Work, work, work, work, work…

As background noise, bright shiny distraction, something to keep me awake while reconciling aircraft ride accounts into the fourth hour at 23:45 after a ten hour day at work to start with and a couple hours of commuting to spice it all up, I’ve been watching the Australian Open. It’s not football or baseball or hockey, but I do like tennis. I sort of miss playing it, played in college and didn’t completely suck.

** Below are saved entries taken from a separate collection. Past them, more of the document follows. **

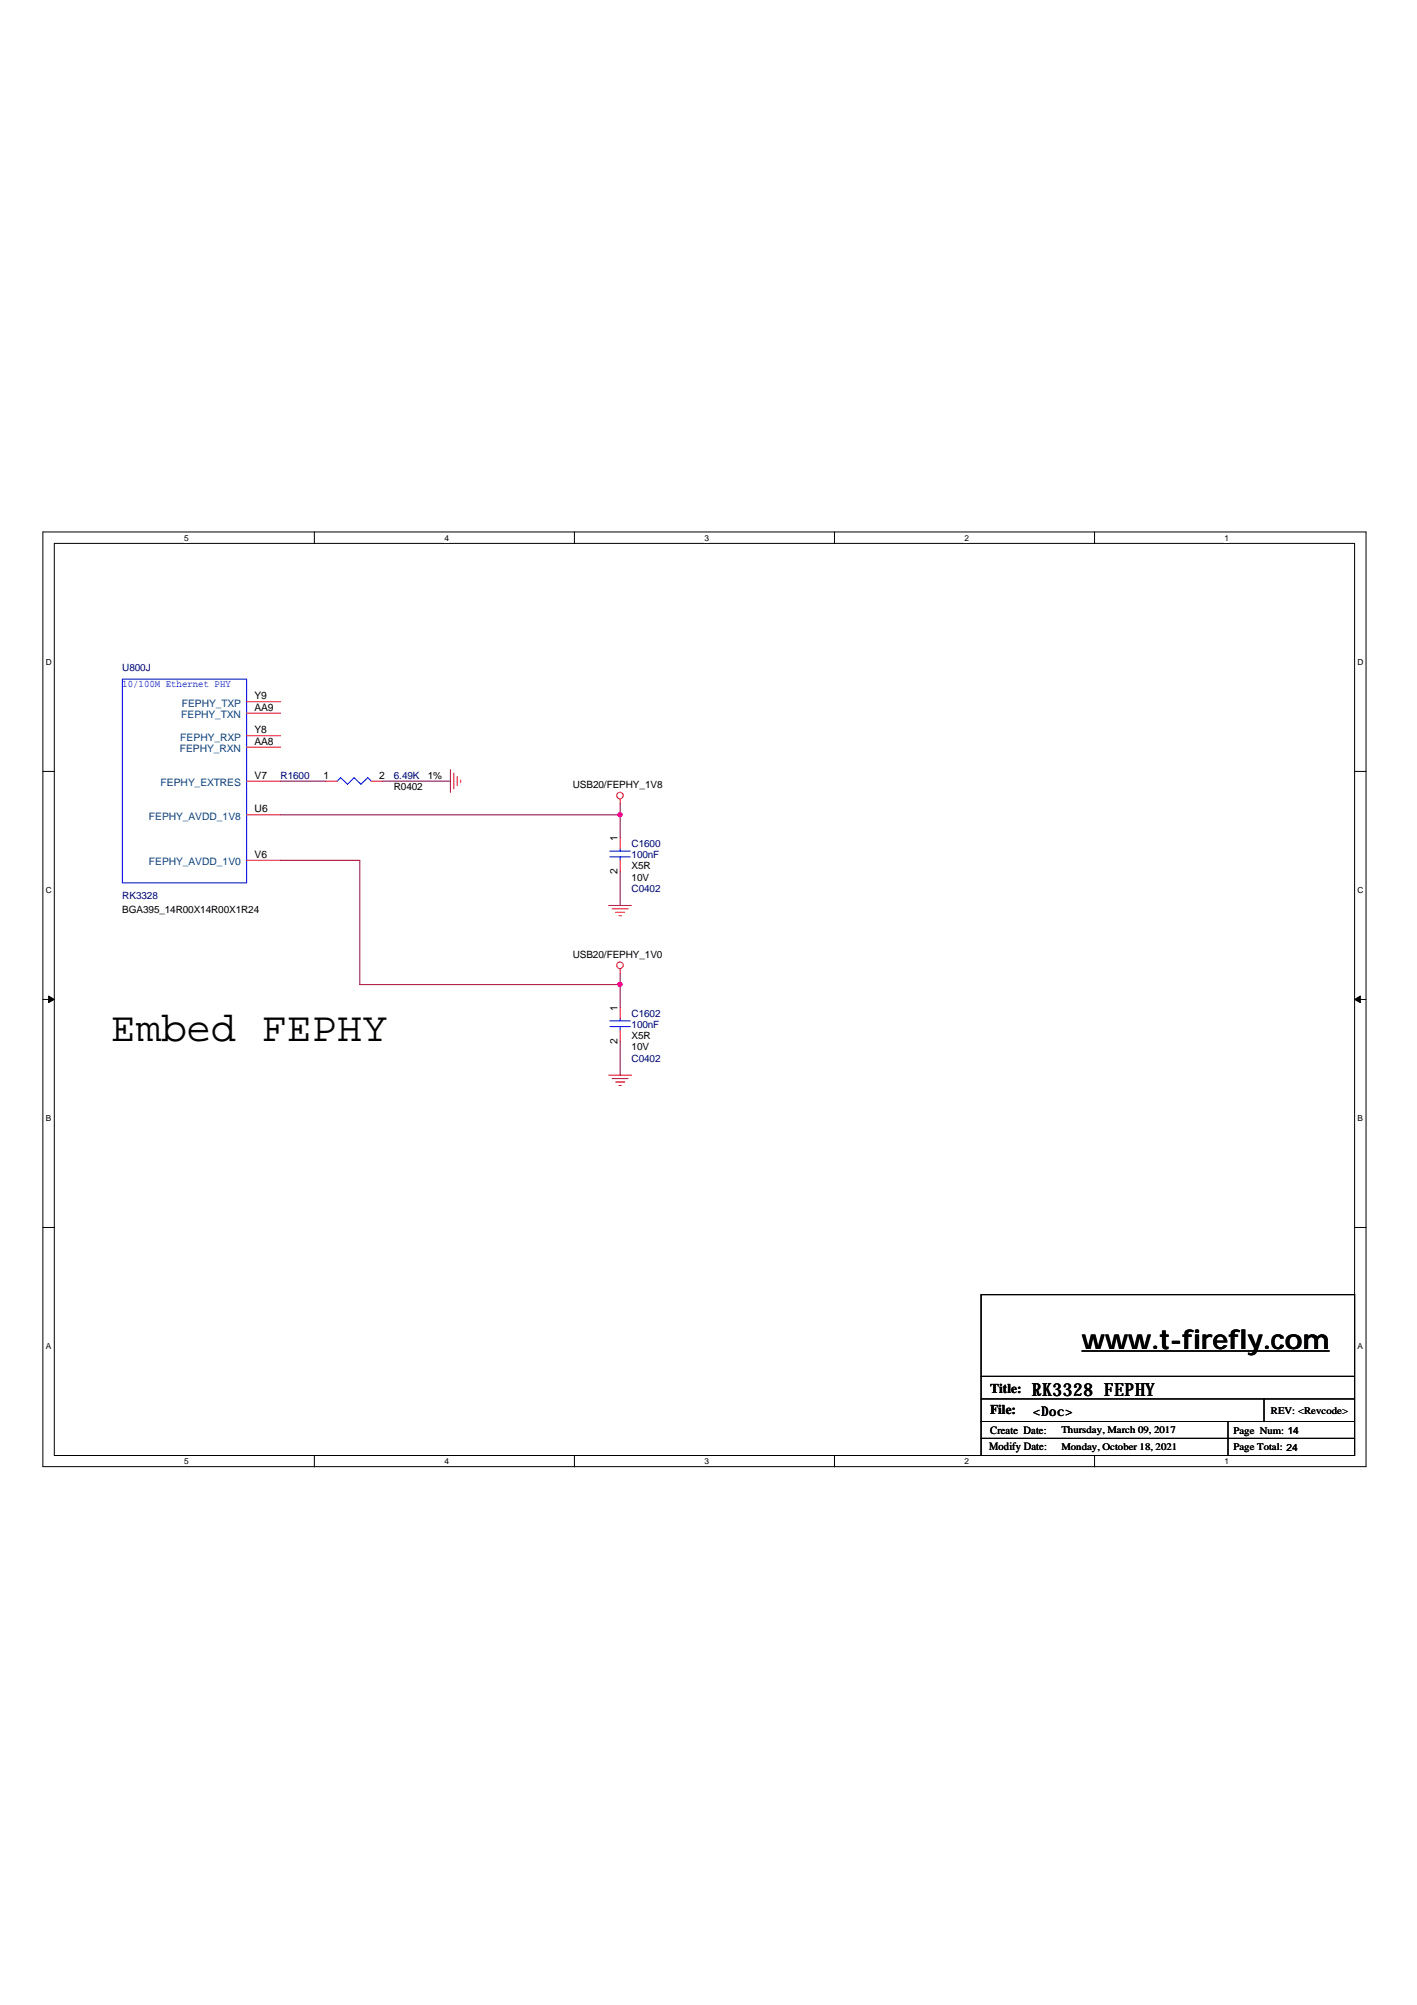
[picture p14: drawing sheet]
<svg xmlns="http://www.w3.org/2000/svg" width="210mm" height="297mm" viewBox="0 0 210 297" stroke-linecap="round" stroke-linejoin="round" font-family="sans-serif">
<defs><g id="words">
<text font-size="6.2" x="16.4" y="154.2">Embed FEPHY</text>
<text font-size="4" x="160.3" y="199.8">www.t-firefly.com</text>
<text font-size="2.7" x="152.9" y="206.8">RK3328 FEPHY</text>
<g font-size="2">
<text x="146.7" y="206.4">Title:</text>
<text x="146.7" y="209.4">File:</text>
<text x="153" y="209.8">&lt;Doc&gt;</text>
</g>
<g font-size="1.7">
<text x="146.5" y="214.9">Modify Date:</text>
<text x="146.7" y="212.4">Create Date:</text>
</g>
<text font-size="1.5" fill="#00f" x="18.1" y="101.8">10/100M Ethernet PHY</text>
<g font-size="1.5" fill="#000080">
<text x="18.1" y="99.5">U800J</text>
<text x="41.6" y="115.4">R1600</text>
<text x="58.3" y="115.4">6.49K</text>
<text x="93.6" y="125.5">C1600</text>
<text x="93.6" y="127.1">100nF</text>
<text x="18.1" y="133.2">RK3328</text>
<text x="93.6" y="132.2">C0402</text>
<text x="93.6" y="150.6">C1602</text>
<text x="93.6" y="152.3">100nF</text>
<text x="93.6" y="157.3">C0402</text>
</g>
<g font-size="1.5" fill="#004080">
<text x="26.8" y="106.4">FEPHY_TXN</text>
<text x="26.9" y="104.7">FEPHY_TXP</text>
<text x="26.6" y="111.4">FEPHY_RXN</text>
<text x="26.7" y="109.7">FEPHY_RXP</text>
<text x="23.8" y="116.4">FEPHY_EXTRES</text>
<text x="22.1" y="121.4">FEPHY_AVDD_1V8</text>
<text x="22.1" y="128.2">FEPHY_AVDD_1V0</text>
</g>
<g font-size="1.5">
<text x="37.7" y="103.6">Y9</text>
<text x="37.7" y="105.3">AA9</text>
<text x="37.7" y="108.6">Y8</text>
<text x="37.7" y="110.3">AA8</text>
<text x="37.7" y="115.3">V7</text>
<text x="47.9" y="115.3">1</text>
<text x="56.2" y="115.3">2</text>
<text x="58.3" y="117.1">R0402</text>
<text x="63.4" y="115.4">1%</text>
<text x="84.8" y="116.7">USB20/FEPHY_1V8</text>
<text x="37.7" y="120.3">U6</text>
<text x="91.5" y="124.6" transform="rotate(-90 91.5 124.6)">1</text>
<text x="37.7" y="127.1">V6</text>
<text x="91.5" y="129.5" transform="rotate(-90 91.5 129.5)">2</text>
<text x="93.6" y="128.8">X5R</text>
<text x="93.6" y="130.5">10V</text>
<text x="18.1" y="135.3">BGA395_14R00X14R00X1R24</text>
<text x="84.8" y="141.9">USB20/FEPHY_1V0</text>
<text x="91.5" y="149.7" transform="rotate(-90 91.5 149.7)">1</text>
<text x="91.5" y="154.6" transform="rotate(-90 91.5 154.6)">2</text>
<text x="93.6" y="154">X5R</text>
<text x="93.6" y="155.6">10V</text>
<text x="188.3" y="209.5">REV: &lt;Revcode&gt;</text>
<text x="157.2" y="212.3">Thursday, March 09, 2017</text>
<text x="157.2" y="214.8">Monday, October 18, 2021</text>
<text x="182.7" y="212.5">Page Num: 14</text>
<text x="182.7" y="214.8">Page Total: 24</text>
</g>
<g font-size="1.2">
<text x="27.3" y="80.1">5</text>
<text x="65.8" y="80.1">4</text>
<text x="104.4" y="80.1">3</text>
<text x="142.9" y="80.1">2</text>
<text x="181.4" y="80.1">1</text>
<text x="6.8" y="98.5">D</text>
<text x="201.1" y="98.5">D</text>
<text x="6.8" y="132.3">C</text>
<text x="201.1" y="132.3">C</text>
<text x="6.8" y="166.1">B</text>
<text x="201.1" y="166.1">B</text>
<text x="6.8" y="199.8">A</text>
<text x="201.1" y="199.8">A</text>
<text x="27.3" y="216.9">5</text>
<text x="65.8" y="216.9">4</text>
<text x="104.4" y="216.9">3</text>
<text x="142.9" y="216.9">2</text>
<text x="181.4" y="216.9">1</text>
</g>
</g></defs>
<path d="M6.3 78.8h196.1v138.5h-196.1zM8 80.5h192.7v135.1h-192.7z" fill="none" stroke="#000" stroke-width=".15"/>
<g fill="#fff">
<path d="M27.3 78.9h.6v1.4h-.6z"/>
<path d="M27.3 215.8h.6v1.4h-.6z"/>
</g>
<path d="M46.6 78.8v1.7M46.6 215.6v1.7" fill="none" stroke="#000" stroke-width=".15"/>
<g fill="#fff">
<path d="M65.8 78.9h.7v1.4h-.7z"/>
<path d="M65.8 215.8h.7v1.4h-.7z"/>
</g>
<path d="M85.1 78.8v1.7M85.1 215.6v1.7" fill="none" stroke="#000" stroke-width=".15"/>
<g fill="#fff">
<path d="M104.4 78.9h.6v1.4h-.6z"/>
<path d="M104.4 215.8h.6v1.4h-.6z"/>
</g>
<path d="M123.6 78.8v1.7M123.6 215.6v1.7" fill="none" stroke="#000" stroke-width=".15"/>
<g fill="#fff">
<path d="M142.9 78.9h.6v1.4h-.6z"/>
<path d="M142.9 215.8h.6v1.4h-.6z"/>
</g>
<path d="M162.1 78.8v1.7M162.1 215.6v1.7" fill="none" stroke="#000" stroke-width=".15"/>
<g fill="#fff">
<path d="M181.4 78.9h.6v1.4h-.6z"/>
<path d="M181.4 215.8h.6v1.4h-.6z"/>
<path d="M6.8 97.4h.8v1.3h-.8z"/>
<path d="M201.1 97.4h.8v1.3h-.8z"/>
<path d="M6.8 131.1h.8v1.4h-.8z"/>
<path d="M201.1 131.1h.8v1.4h-.8z"/>
</g>
<path d="M6.3 114.3h1.7M200.7 114.3h1.7" fill="none" stroke="#000" stroke-width=".15"/>
<g fill="#fff">
<path d="M6.8 164.9h.7v1.4h-.7z"/>
<path d="M201.1 164.9h.7v1.4h-.7z"/>
</g>
<path d="M6.3 148.1h1.7M200.7 148.1h1.7" fill="none" stroke="#000" stroke-width=".15"/>
<g fill="#000" stroke="#000" stroke-width=".15">
<path d="M7.2 147.6l.8 .5-.8 .4z" fill-rule="evenodd"/>
<path d="M200.7 148.1l.8-.5v.9z" fill-rule="evenodd"/>
</g>
<g fill="#fff">
<path d="M6.8 198.7h.7v1.4h-.7z"/>
<path d="M201.1 198.7h.7v1.4h-.7z"/>
</g>
<path d="M6.3 181.8h1.7M145.3 191.8h55.4v23.8h-55.4zM200.7 181.8h1.7M145.3 203.9h55.4M145.3 207.2h55.4M145.3 210.6h55.4M145.3 213.1h55.4M181.9 210.6v5M187.2 207.2v3.4" fill="none" stroke="#000" stroke-width=".15"/>
<g fill="none" stroke="#f00" stroke-width=".15">
<path d="M36.5 115.7h5.1M36.5 104h5.1M36.5 105.6h5.1M36.5 109h5.1M36.5 110.7h5.1M48.3 115.7h1.7M55 115.7h1.6M66.7 114v3.4M67.2 114.5v2.4M67.7 115v1.4M68.2 115.6v.3M91.9 118.4v.7"/>
<path d="M36.5 120.7h5.1M36.5 127.5h5.1M90.2 134.1h3.4M90.7 134.6h2.3M91.2 135.2h1.3M91.7 135.7h.3M91.9 124.1v1.7M91.9 127.5v1.6M90.2 159.3h3.4M90.7 159.8h2.3M91.9 143.5v.7M91.9 149.3v1.6"/>
<path d="M91.9 152.6v1.6M91.2 160.3h1.3M91.7 160.8h.3"/>
<circle cx="91.8" cy="117.9" r=".49"/>
<circle cx="91.8" cy="143" r=".49"/>
</g>
<path d="M160.3 200.1h36.6" fill="none" stroke="#000" stroke-width=".18"/>
<path d="M18.1 100.6h18.4v30.2h-18.4zM50 115.7l.5-.5 1 1 1-1 1 1 1-1 .5 .5M90.3 126.9h3.1M90.3 126.1h3.1M91.9 125.8v.3M91.9 126.9v.6M90.3 152.1h3.1M90.3 151.2h3.1M91.9 150.9v.3M91.9 152.1v.5" fill="none" stroke="#00f" stroke-width=".15"/>
<path d="M41.6 115.7h6.7M56.6 115.7h10.1M91.9 119.1v5M41.6 120.7h50.3M41.6 127.5h11.7v18.4h38.6M91.9 129.1v5M91.9 144.2v5.1M91.9 154.2v5.1" fill="none" stroke="#800040" stroke-width=".15"/>
<g fill="#f0f" stroke="#f0f" stroke-width=".15">
<circle cx="91.8" cy="120.7" r=".32"/>
<circle cx="91.8" cy="145.8" r=".32"/>
</g>
<use href="#words"/>
</svg>

There’s an ad running, possibly local, where the gist of it is showing a whole slew of guys on a construction site all dancing and grimacing with legs crossed, in agony, and then showing the guy with the Porta Potties whose truck has broken down.

That’s bullshit.

I’ve been on many a construction site between my last couple of previous jobs and I can GUARANTEE that construction dudes wouldn’t be in agony trying to hold it in if there aren’t any portable facilities for them to use. Even if there ARE facilities available, it’s still not unusual to see them just unzipping and letting loose instead of walking all the way over to the outhouse.

But what if there are ladies on site?

Yeah, right. As for the guys, having women on site wouldn’t change anything I’ve said above. As for the women – ditto.

It’s Madison Avenue at its finest, but it’s about as accurate as the science in “Ad Astra.”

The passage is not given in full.